Nanotechnology

Study shows self-assembly of light-absorbing chiral molecules facilitates singlet fission process

TEM image of aqueous NPs. a) Tc_NP, scale, 100 nm. b) Tc_R-NEA_NP, scale, 200 nm. c) High-resolution TEM of Tc_R-NEA_NPs, scale, 100 nm. Credit: Advanced Science (2024). DOI: 10.1002/advs.202405864

In organic molecules, an exciton is a pair of an electron (negative charge) and its hole (positive charge) bound to a particle. They are held together by Coulombic attraction and can move within molecular assemblies. Singlet fission (SF) is a process in which an exciton is amplified and two triplet excitons are generated from a singlet exciton.

This is caused by the absorption of single particles of light, or photons, in molecules called chromophores (molecules that absorb light at specific wavelengths). Controlling the molecular orientation and arrangement of chromophores is important to achieve high SF efficiency in materials with great potential for optical device applications.

So far, studies on SF have been performed on solid samples, but there is still no comprehensive design guideline regarding the molecular organization required for efficient SF.

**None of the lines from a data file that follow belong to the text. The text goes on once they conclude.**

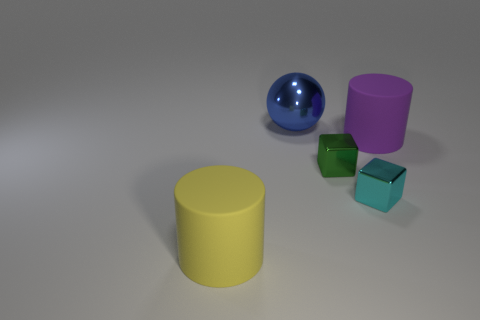Is the color of the cylinder that is to the right of the large blue thing the same as the big thing that is in front of the cyan metal cube?
Provide a short and direct response. No. How many green blocks are the same size as the cyan cube?
Make the answer very short. 1. Does the object that is to the left of the blue metal thing have the same size as the purple object?
Your response must be concise. Yes. The small green thing has what shape?
Make the answer very short. Cube. Is the material of the large cylinder that is left of the green metallic thing the same as the small cyan thing?
Keep it short and to the point. No. Is there a big matte cylinder that has the same color as the big shiny thing?
Ensure brevity in your answer.  No. There is a large rubber object on the left side of the cyan thing; does it have the same shape as the large thing to the right of the large blue metal ball?
Provide a short and direct response. Yes. Are there any purple objects that have the same material as the tiny green thing?
Offer a terse response. No. How many green things are tiny things or cylinders?
Offer a very short reply. 1. What is the size of the object that is both left of the tiny cyan metallic object and right of the large blue metallic object?
Keep it short and to the point. Small. 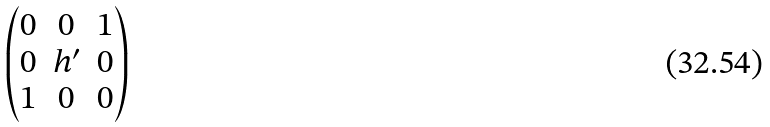<formula> <loc_0><loc_0><loc_500><loc_500>\begin{pmatrix} 0 & 0 & 1 \\ 0 & h ^ { \prime } & 0 \\ 1 & 0 & 0 \end{pmatrix}</formula> 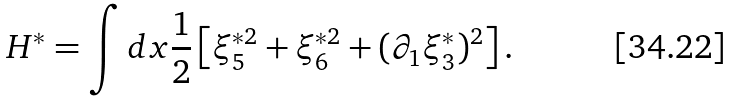<formula> <loc_0><loc_0><loc_500><loc_500>H ^ { \ast } = \int d x \frac { 1 } { 2 } \left [ \xi _ { 5 } ^ { \ast 2 } + \xi _ { 6 } ^ { \ast 2 } + ( \partial _ { 1 } \xi _ { 3 } ^ { \ast } ) ^ { 2 } \right ] .</formula>

Professor Nobuo Kimizuka of Kyushu University and his colleagues now demonstrate that science fiction can be promoted by introducing chirality (molecules that cannot be superimposed into mirror images) into chromophores and achieving chiral molecular orientation in the self-assembled molecular structure. succeeded in doing so.

In a paper published in Advanced Science, the research team demonstrated SF-based triplet excitons in self-assembled aqueous nanoparticles containing chiral pi-electron chromophores. This phenomenon is not observed with similar racemic nanoparticles (mixtures of equal amounts of molecules that are mirror images of each other). .

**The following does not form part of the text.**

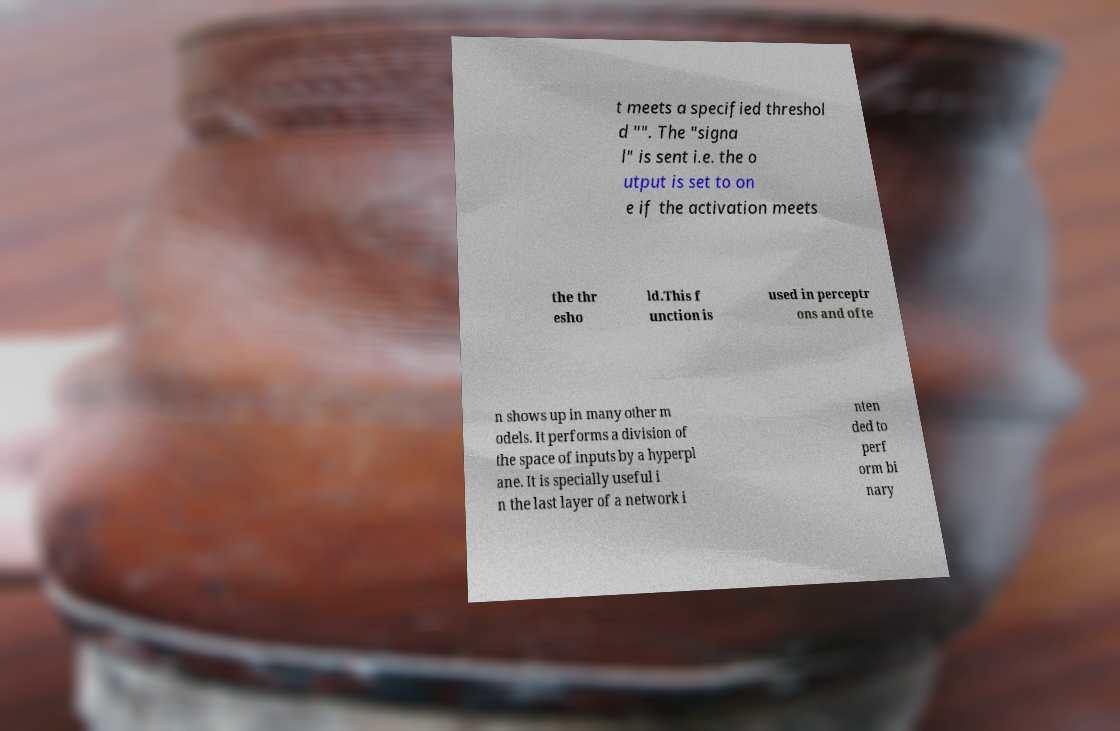There's text embedded in this image that I need extracted. Can you transcribe it verbatim? t meets a specified threshol d "". The "signa l" is sent i.e. the o utput is set to on e if the activation meets the thr esho ld.This f unction is used in perceptr ons and ofte n shows up in many other m odels. It performs a division of the space of inputs by a hyperpl ane. It is specially useful i n the last layer of a network i nten ded to perf orm bi nary

Professor Kimizuka said, “We have discovered a new way to enhance SF by achieving chiral molecular orientation of chromophores in self-assembled structures.”

Researchers investigated the SF properties of aqueous nanoparticles self-assembled from ion pairs of tetracene dicarboxylic acid and various chiral or nonchiral amines. They identified an important role for counterions (ions with an opposite charge to other ions in the solution), particularly ammonium molecules.

The counterion influenced the molecular orientation, structural regularity, spectroscopic properties of the ion pair, and the strength of the intermolecular bond between the tetracene chromophores. Therefore, counterions played an important role in controlling the chromophore alignment and related SF processes.

Through extensive experiments with chiral amines, the team achieved a triplet quantum yield of 133% and a rate constant of 6.99 × 109 s−1. In contrast, they observed that nanoparticles with achiral counterions did not exhibit SF.

Racemic ion pairs also produced intermediate correlated triplet pair states by SF. However, triplet-triplet annihilation was dominant for triplet pairs. Therefore, no dissociation into free triplets was observed.

“Our research provides a new framework for molecular design in science fiction research and will pave the way for applications in life sciences, including energy science, quantum materials, photocatalysis, and electron spin. Furthermore, it This provides us with the motivation to continue exploring science fiction in chiral molecular assemblies, “organic media and thin film systems that are important for solar cell and photocatalytic applications,” concludes Kimizuka.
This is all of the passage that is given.